Leave out the images and transcribe the entries below word for word.
<<<<
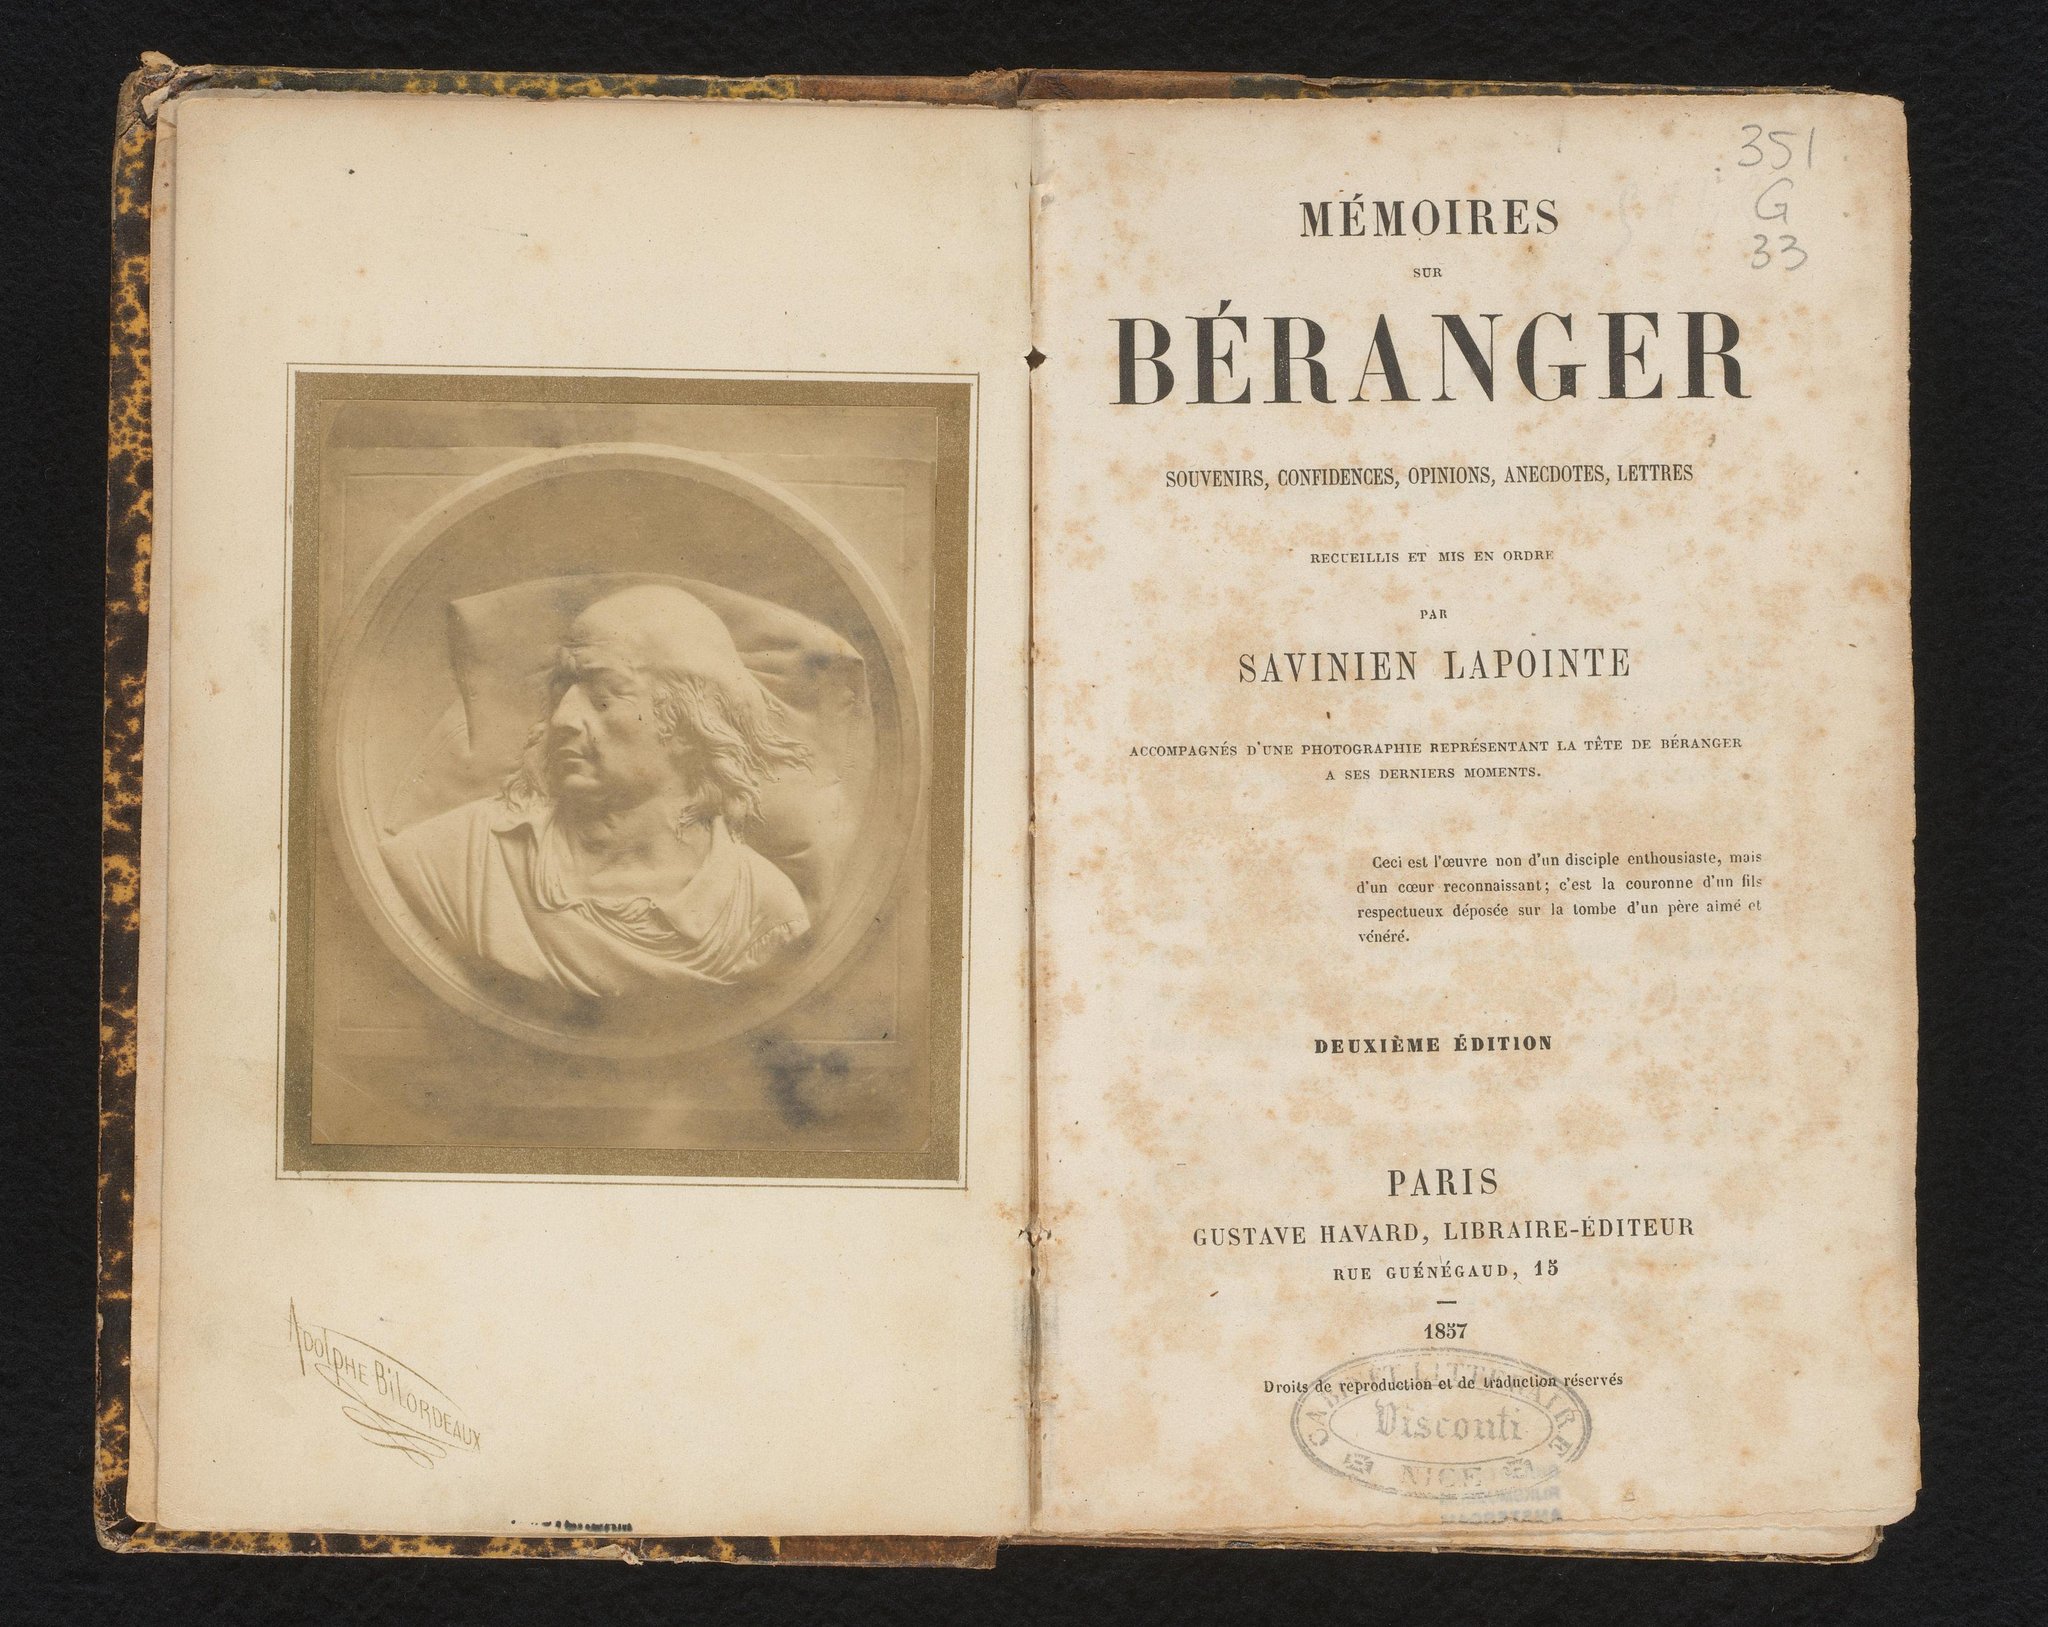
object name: page
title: Fotoreproductie van een portretreliëf van Pierre-Jean de Béranger
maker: adolphe bilordeaux
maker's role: draughtsman
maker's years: 1807-1872
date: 1852-1857
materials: paper
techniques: albumen print
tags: paris, pierre-jean de béranger, portrait of a writer
>>>>
▶ [OUTPUT OF THE EXERCISE]
object name: page
title: Fotoreproductie van een portretreliëf van Pierre-Jean de Béranger
maker: adolphe bilordeaux
maker's role: draughtsman
maker's years: 1807-1872
date: 1852-1857
materials: paper
techniques: albumen print
tags: paris, pierre-jean de béranger, portrait of a writer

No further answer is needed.